**Exercise materials:**
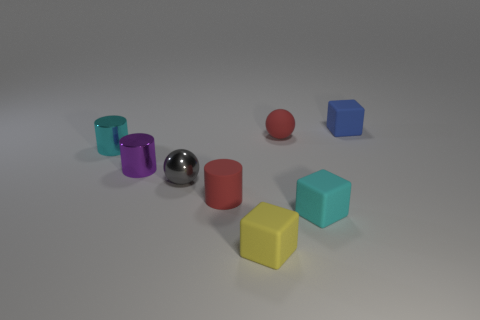Is the number of red balls that are right of the red ball the same as the number of tiny cyan matte objects right of the cyan cube?
Keep it short and to the point. Yes. What material is the small yellow thing?
Offer a very short reply. Rubber. There is a sphere that is the same size as the gray thing; what is its color?
Your answer should be compact. Red. There is a cyan object in front of the gray shiny object; is there a tiny red rubber ball that is to the right of it?
Your answer should be very brief. No. What number of blocks are metal objects or small red metal things?
Provide a short and direct response. 0. How big is the red object that is on the right side of the small red rubber thing that is on the left side of the red object to the right of the red rubber cylinder?
Keep it short and to the point. Small. Are there any blue rubber blocks behind the tiny red cylinder?
Your answer should be compact. Yes. There is a thing that is the same color as the matte cylinder; what shape is it?
Keep it short and to the point. Sphere. How many objects are gray things that are in front of the blue thing or big brown matte objects?
Ensure brevity in your answer.  1. There is a red ball that is made of the same material as the cyan cube; what size is it?
Your answer should be very brief. Small. 
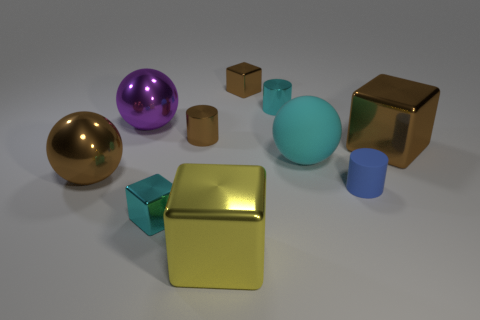Subtract all large brown spheres. How many spheres are left? 2 Subtract all purple spheres. How many spheres are left? 2 Subtract all blocks. How many objects are left? 6 Subtract all brown balls. How many cyan cylinders are left? 1 Subtract all spheres. Subtract all small gray matte spheres. How many objects are left? 7 Add 4 yellow blocks. How many yellow blocks are left? 5 Add 4 big gray rubber balls. How many big gray rubber balls exist? 4 Subtract 0 red cylinders. How many objects are left? 10 Subtract 2 cubes. How many cubes are left? 2 Subtract all red blocks. Subtract all blue cylinders. How many blocks are left? 4 
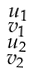Convert formula to latex. <formula><loc_0><loc_0><loc_500><loc_500>\begin{smallmatrix} u _ { 1 } \\ v _ { 1 } \\ u _ { 2 } \\ v _ { 2 } \end{smallmatrix}</formula> 
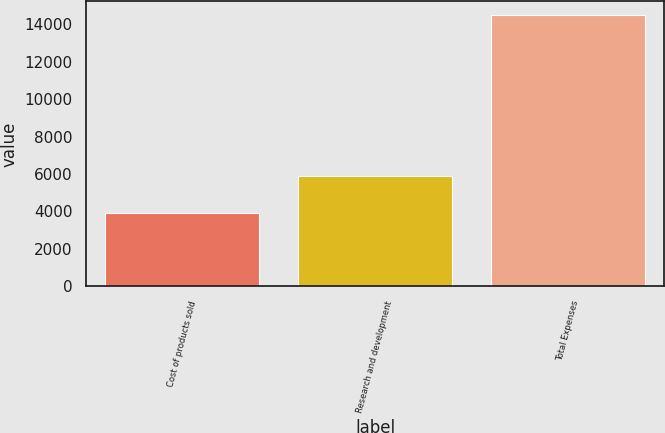Convert chart. <chart><loc_0><loc_0><loc_500><loc_500><bar_chart><fcel>Cost of products sold<fcel>Research and development<fcel>Total Expenses<nl><fcel>3909<fcel>5920<fcel>14483<nl></chart> 
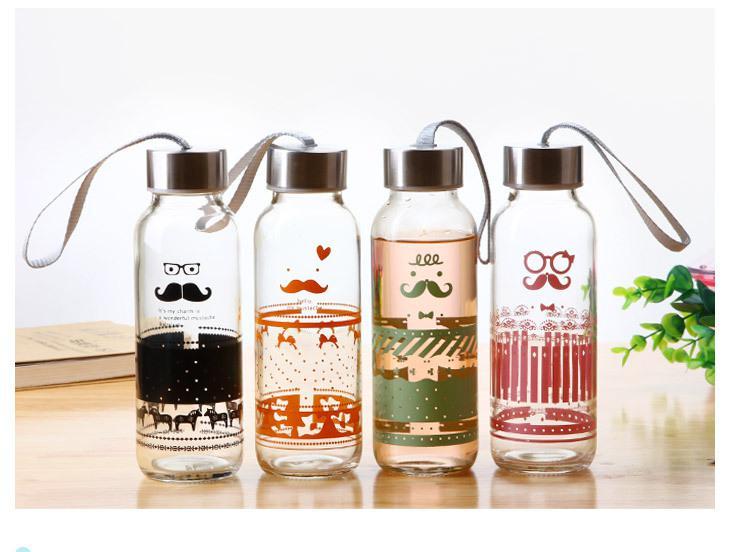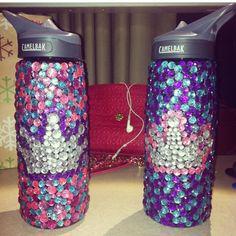The first image is the image on the left, the second image is the image on the right. For the images displayed, is the sentence "One image features a horizontal row of four water bottles with straps on them and different designs on their fronts." factually correct? Answer yes or no. Yes. The first image is the image on the left, the second image is the image on the right. Given the left and right images, does the statement "In one of the images, four water bottles with carrying straps are sitting in a row on a table." hold true? Answer yes or no. Yes. 
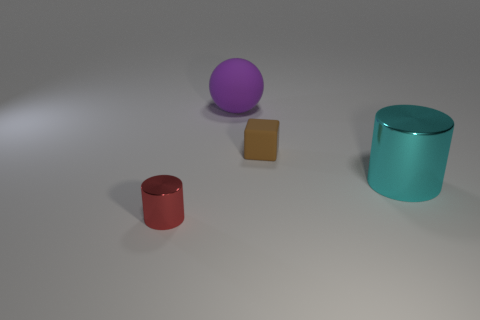There is a tiny block; does it have the same color as the cylinder that is right of the purple ball? No, the tiny block does not share the same color as the cylinder. The block is a tan or beige color, whereas the cylinder to the right of the purple ball is teal. 
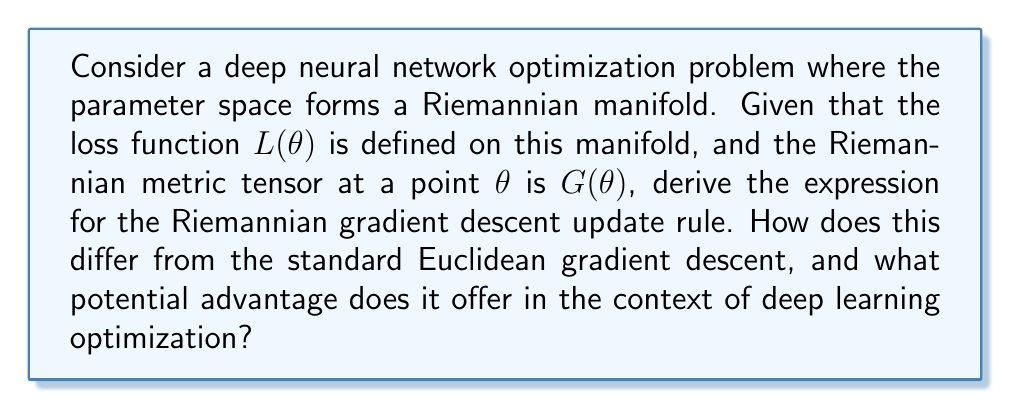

**Problem to work on:**
Would you please reproduce the entries above, starting at the line with "Keep it short and to the point. Sphere." and stopping after the line with "true? Answer yes or no. Yes."? Omit any pictures.

**Output:**
Keep it short and to the point. Sphere. How many objects are gray things that are in front of the blue thing or big brown matte objects?
Ensure brevity in your answer.  1. There is a red ball that is made of the same material as the cyan cube; what size is it?
Your answer should be very brief. Small. 
Subtract all large brown spheres. How many spheres are left? 2 Subtract all purple spheres. How many spheres are left? 2 Subtract all blocks. How many objects are left? 6 Subtract all brown balls. How many cyan cylinders are left? 1 Subtract all spheres. Subtract all small gray matte spheres. How many objects are left? 7 Add 4 yellow blocks. How many yellow blocks are left? 5 Add 4 big gray rubber balls. How many big gray rubber balls exist? 4 Subtract 0 red cylinders. How many objects are left? 10 Subtract 2 cubes. How many cubes are left? 2 Subtract all red blocks. Subtract all blue cylinders. How many blocks are left? 4 
Convert formula to latex. <formula><loc_0><loc_0><loc_500><loc_500>\begin{smallmatrix} u _ { 1 } \\ v _ { 1 } \\ u _ { 2 } \\ v _ { 2 } \end{smallmatrix}</formula> 
Convert chart. <chart><loc_0><loc_0><loc_500><loc_500><bar_chart><fcel>Cost of products sold<fcel>Research and development<fcel>Total Expenses<nl><fcel>3909<fcel>5920<fcel>14483<nl></chart> 
The first image is the image on the left, the second image is the image on the right. For the images displayed, is the sentence "One image features a horizontal row of four water bottles with straps on them and different designs on their fronts." factually correct? Answer yes or no. Yes. The first image is the image on the left, the second image is the image on the right. Given the left and right images, does the statement "In one of the images, four water bottles with carrying straps are sitting in a row on a table." hold true? Answer yes or no. Yes. 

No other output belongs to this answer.